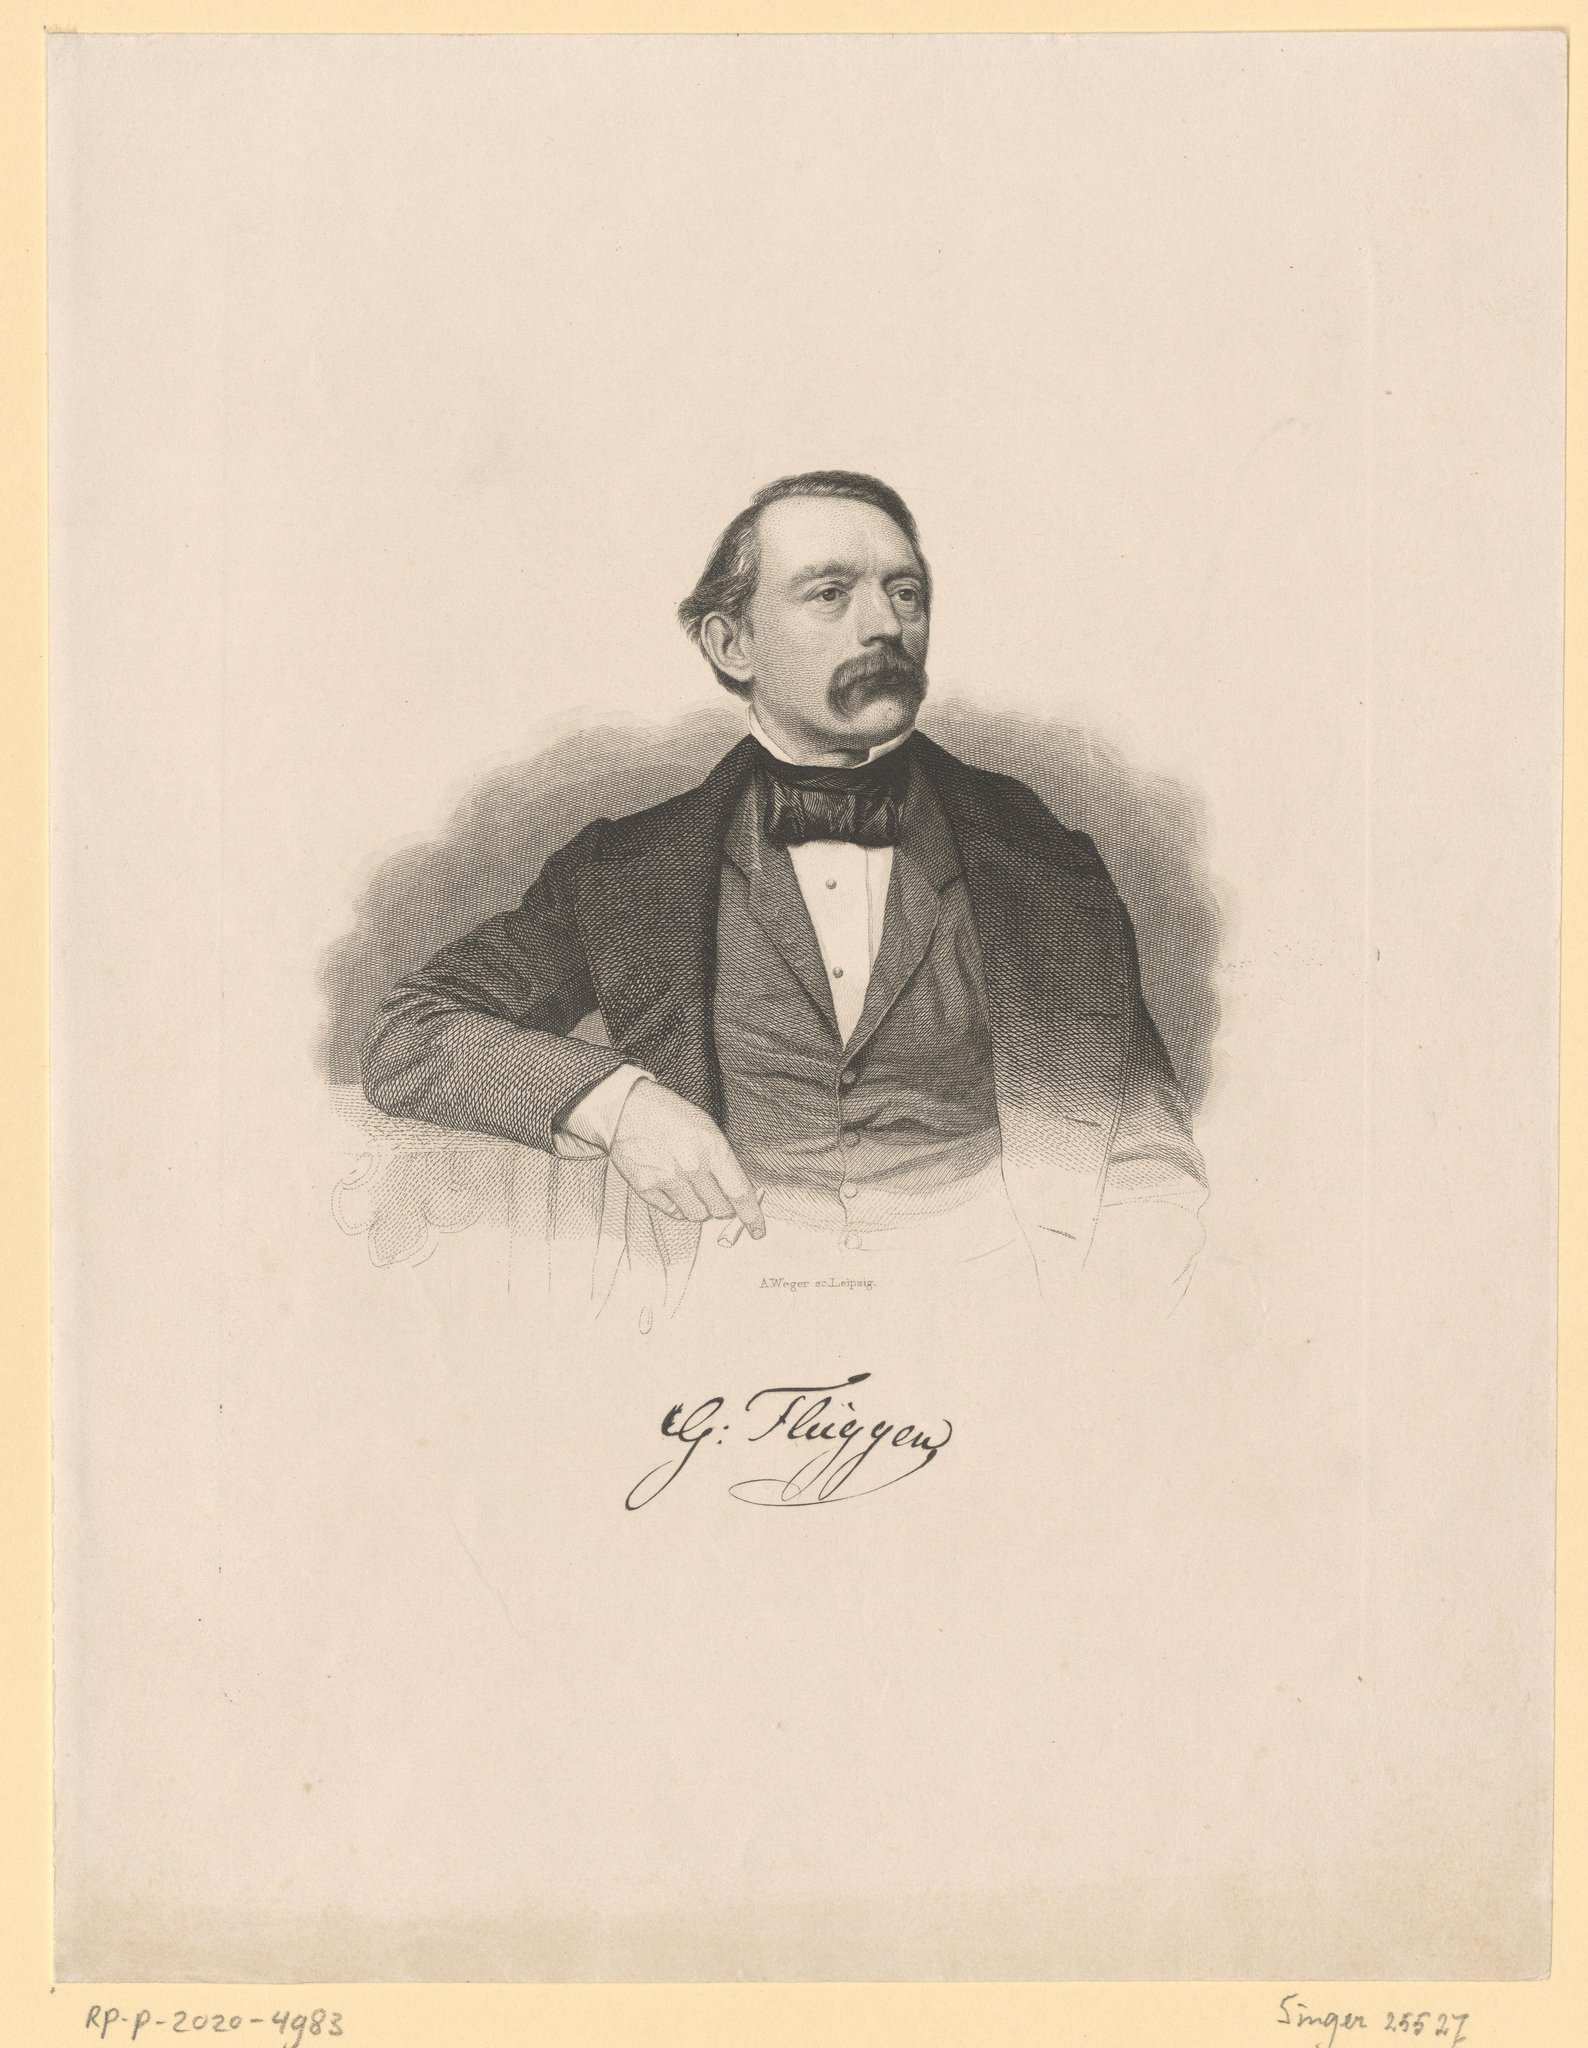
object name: print
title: Portret van Gisbert Flüggen
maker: august weger
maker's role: print maker, printer
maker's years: 1823-1892
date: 1840-1892
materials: paper
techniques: engraving
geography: leipzig
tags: cologne, historical persons, portrait, self-portrait of painter

####

- _TASK BRIEF_
Leave the pictures out. Otherwise, output the listing above exactly.

- _RESPONSE TO THIS EXERCISE_
object name: print
title: Portret van Gisbert Flüggen
maker: august weger
maker's role: print maker, printer
maker's years: 1823-1892
date: 1840-1892
materials: paper
techniques: engraving
geography: leipzig
tags: cologne, historical persons, portrait, self-portrait of painter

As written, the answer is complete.